The Policies that Hurt Veterans

Having lost a 41-year son, a decorated and distinguished Army Special Force Soldier, to post-traumatic stress issues, I am advocating for Congress to change legislation concerning the Health Insurance Portability and Accountability Act (HIPAA) regulations for immediate family members.  I want to see an independent ombudsman established as well.


We saw how my son, James, was suffering from a military and Veterans Administration process that denied his wife and his parents’ access to the treatment plan given to him after his retirement.   James’ providers denied all of us information because of their interpretation of the HIPAA regulation.  We saw how his military doctors failed to assess, identify, and treat his diagnosed mental and physical care due to a lack of a planned medical care continuum.  When he was transferred to the VA after his discharge from active duty, the trend continued.


As a Navy case registered nurse case manager, I helped veterans with what is known as a medical evaluation board. I coordinated the transfer of care from my military hospital in Virginia to worldwide VA facilities    I had seen firsthand how a well-coordinated medical plan had helped my hospital’s patients transfer to their new homes.  When they mustered out of the service, my team and I set up their first appointment with a VA facility.

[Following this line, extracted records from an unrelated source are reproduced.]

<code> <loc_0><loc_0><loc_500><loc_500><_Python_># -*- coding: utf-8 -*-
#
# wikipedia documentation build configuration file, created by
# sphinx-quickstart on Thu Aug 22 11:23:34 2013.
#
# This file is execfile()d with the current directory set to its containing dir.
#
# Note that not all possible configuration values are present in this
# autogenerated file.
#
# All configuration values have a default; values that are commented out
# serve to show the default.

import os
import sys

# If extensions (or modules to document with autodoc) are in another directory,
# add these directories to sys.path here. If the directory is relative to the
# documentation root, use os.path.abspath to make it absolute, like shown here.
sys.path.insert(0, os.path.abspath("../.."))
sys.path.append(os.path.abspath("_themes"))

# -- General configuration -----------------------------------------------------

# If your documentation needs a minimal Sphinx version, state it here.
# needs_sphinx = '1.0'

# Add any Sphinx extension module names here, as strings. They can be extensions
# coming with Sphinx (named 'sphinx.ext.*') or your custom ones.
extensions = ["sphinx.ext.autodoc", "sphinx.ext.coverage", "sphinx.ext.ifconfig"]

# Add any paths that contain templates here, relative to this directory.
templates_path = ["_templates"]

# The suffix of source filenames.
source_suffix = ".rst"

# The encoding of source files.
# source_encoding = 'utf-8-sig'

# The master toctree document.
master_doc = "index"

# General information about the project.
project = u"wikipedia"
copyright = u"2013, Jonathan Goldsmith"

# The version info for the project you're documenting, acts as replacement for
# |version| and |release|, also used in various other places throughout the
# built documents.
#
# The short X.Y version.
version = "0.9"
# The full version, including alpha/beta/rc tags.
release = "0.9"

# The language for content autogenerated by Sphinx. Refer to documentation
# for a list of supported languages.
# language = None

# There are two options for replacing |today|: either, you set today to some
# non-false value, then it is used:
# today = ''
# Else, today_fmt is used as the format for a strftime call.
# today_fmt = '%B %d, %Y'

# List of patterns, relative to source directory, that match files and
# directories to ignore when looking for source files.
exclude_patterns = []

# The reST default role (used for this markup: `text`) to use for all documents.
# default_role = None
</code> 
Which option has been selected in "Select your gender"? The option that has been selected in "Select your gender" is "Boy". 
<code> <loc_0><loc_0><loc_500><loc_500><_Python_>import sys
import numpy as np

James was not given the same discharge process as the sailors I helped.  He didn’t have a care manager nor was there a handoff with a plan given to the VA. when he transferred from military facilities in the District of Columbia to Florida.


Upon return from a recent long deployment prior to his retirement, James told his wife that he had been diagnosed with post-traumatic stress disorder (PTSD), a traumatic brain injury (TBI), and a major depressive disorder (MDD) among other diagnoses by military medical providers. He said that the military providers whom he spoke with, would just order him different pills to take to help alleviate his symptoms. He reported that the pills made him feel “loopy, goofy.” He would notify whatever provider he saw on return visits about how the drugs made him feel. As his providers were rarely the same, they would give him more pills to take. His reply -was “they don’t work”. His sleep hygiene, mental alertness, and personality were being affected by these medications.


About 2-3 years ago, my husband and I noticed subtle changes in James’ behavior, general well-being, and moods. He would become very quiet, sullen and would self-isolate frequently. He was often short-tempered with his wife and children. He often woke up at 3 am. As he was actively having nightmares and screaming fits. He rarely engaged with activities and people he enjoyed having around him.  We asked him what the problem was and why he was acting so differently toward others.


When I called his VA doctors and medical support staff about the care plan for James, they used their HIPAA regulation legal interpretation as a way to deny me access or to provide me with information on his medications and treatment plan.


Any attempt for me to ask his providers about ancillary treatment such as neuro psych testing or other alternative forms of therapy was denied.  When I asked his doctors about my son’s care plan, I was told that I wasn’t authorized to get that information.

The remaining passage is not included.